Grade schools debate whether cursive should continue to be taught

By GILES BRUCE

DeKALB | Senior history major Orri Henkle hasn’t written anything in cursive since high school. He still thinks he can do it — sort of.

“I’d be able to do it,” he said. “It wouldn’t come out very well though.”

As technology becomes more prevalent in society, Henkle doesn’t find himself alone as people use computers and other devices more and more to write and communicate.

While cursive is still being taught at many grade schools across the country, certain local school districts are debating whether it should be part of the curriculum anymore.

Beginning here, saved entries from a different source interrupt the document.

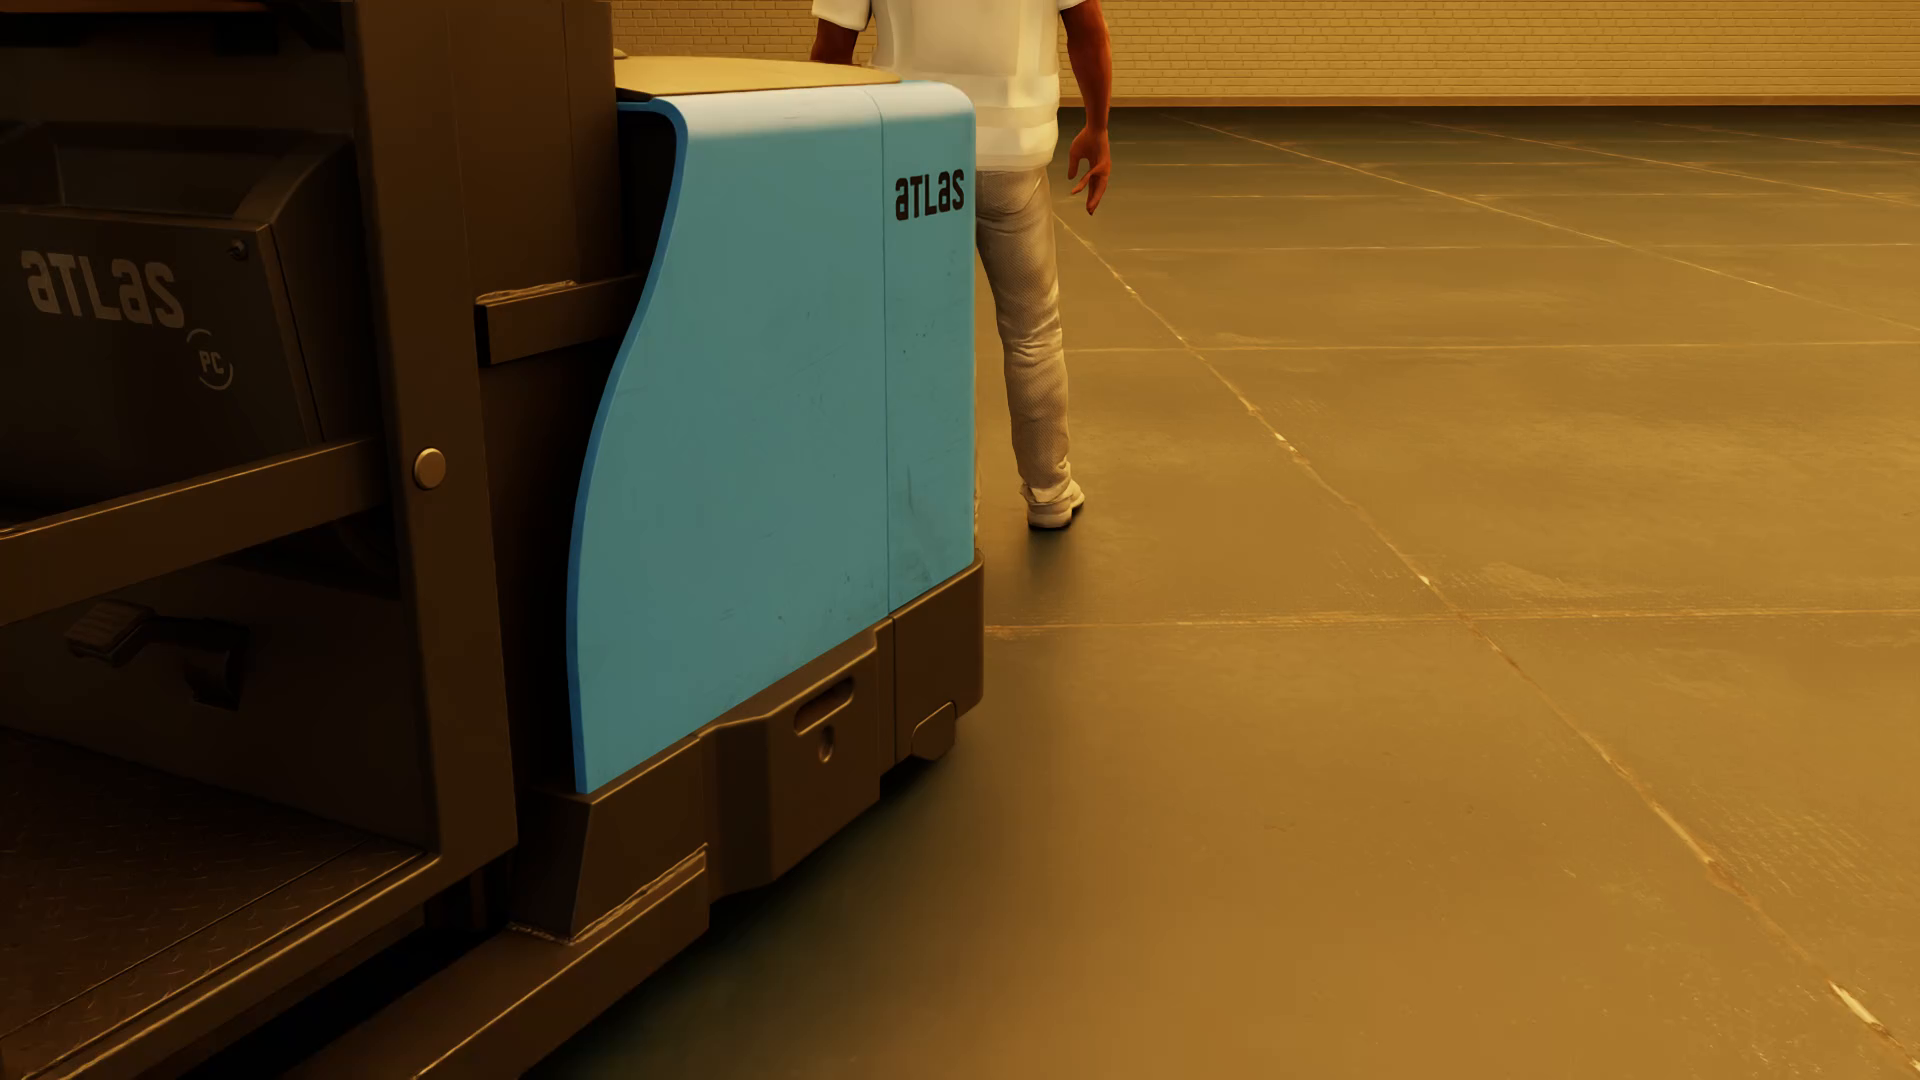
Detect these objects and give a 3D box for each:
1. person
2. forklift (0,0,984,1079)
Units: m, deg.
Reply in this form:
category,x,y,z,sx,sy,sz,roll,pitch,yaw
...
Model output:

“Some current discussions are taking place in the Aurora area on cursive writing — whether or not to continue it,” said Donna Werderich, assistant professor of language arts.

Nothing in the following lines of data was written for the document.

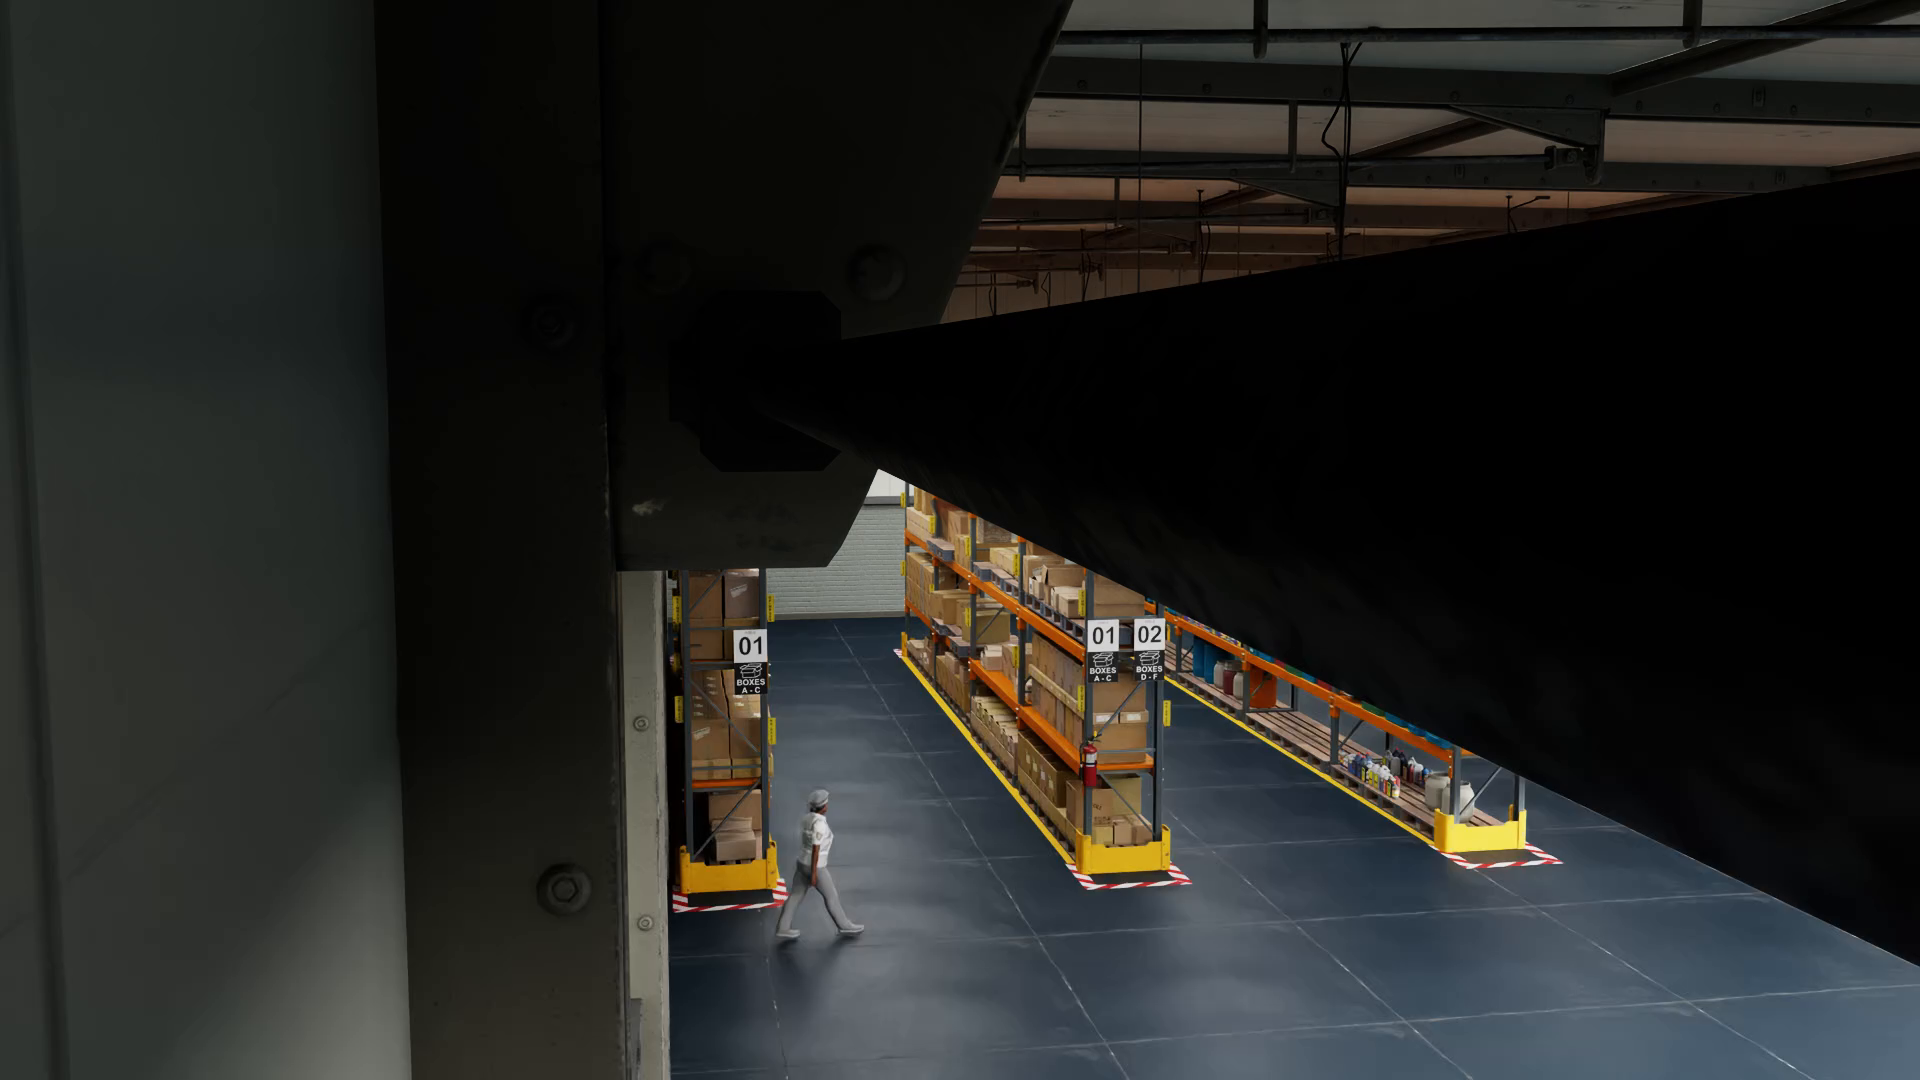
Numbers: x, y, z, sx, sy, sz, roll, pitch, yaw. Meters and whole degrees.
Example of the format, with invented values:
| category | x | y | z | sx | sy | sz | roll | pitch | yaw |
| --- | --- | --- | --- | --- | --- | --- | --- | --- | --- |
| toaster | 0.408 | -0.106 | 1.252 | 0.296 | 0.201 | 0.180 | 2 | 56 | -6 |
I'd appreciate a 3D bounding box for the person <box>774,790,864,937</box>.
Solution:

When cursive is taught, it’s done between second and fourth grades for about 10 minutes a day in language arts classes, she said.

As an educator of future language arts teachers, Werderich must make sure that her students are proficient at handwriting. Some have trouble with the cursive part of that equation, however.

“They’re relearning something they learned in second or third grade,” she said. “It is challenging at this level.”

A 2007 study by Vanderbilt University found that cursive is taught in 90 percent of third grade classrooms nationwide for an average of about 60 minutes a week. The survey also found that it’s taught to 50 percent of second graders.

Pooja Uppalapati, computer science graduate student, said she hasn’t written in cursive since learning it in grade school. “It’s kind of useless,” she said.

Werderich said there are three main reasons why cursive isn’t used as much as in years past and why the debate over whether to continue teaching it is taking place. Those reasons, she said, are technology, a difference of opinion on the value of it and the pressure teachers are under to improve students’ reading and writing skills.

Even though Henkle doesn’t trust his cursive writing ability, he said he thinks it should continue to be taught to elementary school students as good penmanship is a valuable tool for them to have. And he’s noticed that he’s not the only college student not using the writing style.

“I think it probably has most to do that no one writes anything to anyone anymore,” he said. “I know in class that no one has good penmanship anymore.”